From: muratlanne@gmail.com   
      
   BP wrote in message news:100d0r8$12ddo$1@dont-email.me...   
      
   Jim Wilkins wrote:   
   >   
   > Around the time of the US Civil War military barrels were rolled out from   
   > short thick blanks over a mandrel, then drilled to size, rifled and   
   > straightened by expert hands.   
      
   At least superficially the DOM process could combine drilling, rifling   
   and straightening steps into one, or at worst two, using nearly identical   
   machinery. What am I missing? Is the problem a too-small final ID?   
      
   It does occur to me that the pull strength of the internal mandrel grows   
   as the square of the diameter, while the pull force likely grows linearly   
   with the circumference. I suppose that would set a lower bore limit....   
      
   Thanks for writing,   
      
   bob prohaska   
      
   -------------------------------------   
   What you are missing may be proprietary trade secrets concerning the   
   relative strengths and weaknesses of hammer forging, button rifling and   
   drawing over a mandrel, all of which are similar. I suspect the fittest   
   survived.   
      
   The answer may depend on plastic deformation and work-hardening of a thick   
   walled pressure vessel, which is one with varying stress and strain   
   distribution across the wall thickness. Before tech permitted big gun   
   barrels to be forged in one piece they were built up from concentric   
   cylinders successively heated to expand them and shrunk together, preloading   
   the inner layers with compressive force.

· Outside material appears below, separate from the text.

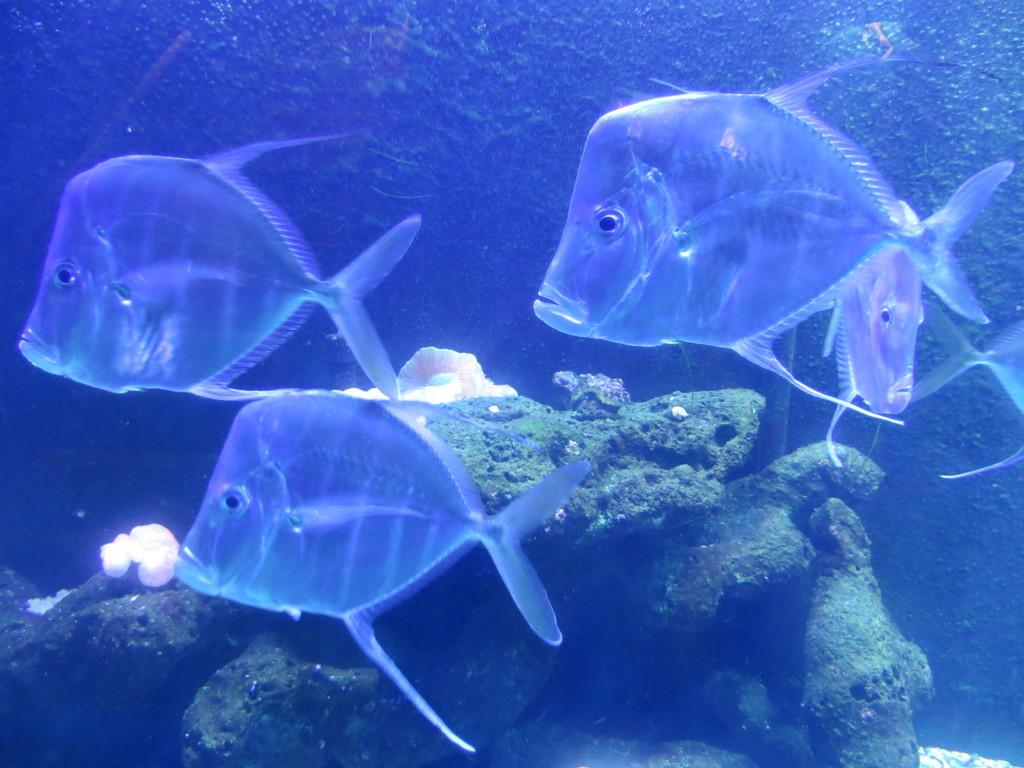How many fishes can be seen in the image? There are four fishes in the image. What type of fishes are present in the image? The fishes are submarine species. Where might this image have been taken? The image may have been taken in the ocean. What type of plants can be seen growing on the tramp in the image? There is no tramp or plants present in the image; it features four fishes in a marine environment.

Expanding the barrel over a mandrel   
   might have the opposite effect, or see below.   
      
   https://en.wikipedia.org/wiki/Built-up_gun   
   "Theoretical maximum performance would be achieved if the inner cylinder   
   forming the rifled bore were compressed to its elastic limit by surrounding   
   elements while at rest before firing, and expanded to its elastic limit by   
   internal gas pressure during firing."   
      
   This is more or less what you suggest:   
   https://en.wikipedia.org/wiki/Autofrettage   
   "In modern practice, a slightly oversized die is pushed slowly through the   
   barrel by a hydraulically driven ram."   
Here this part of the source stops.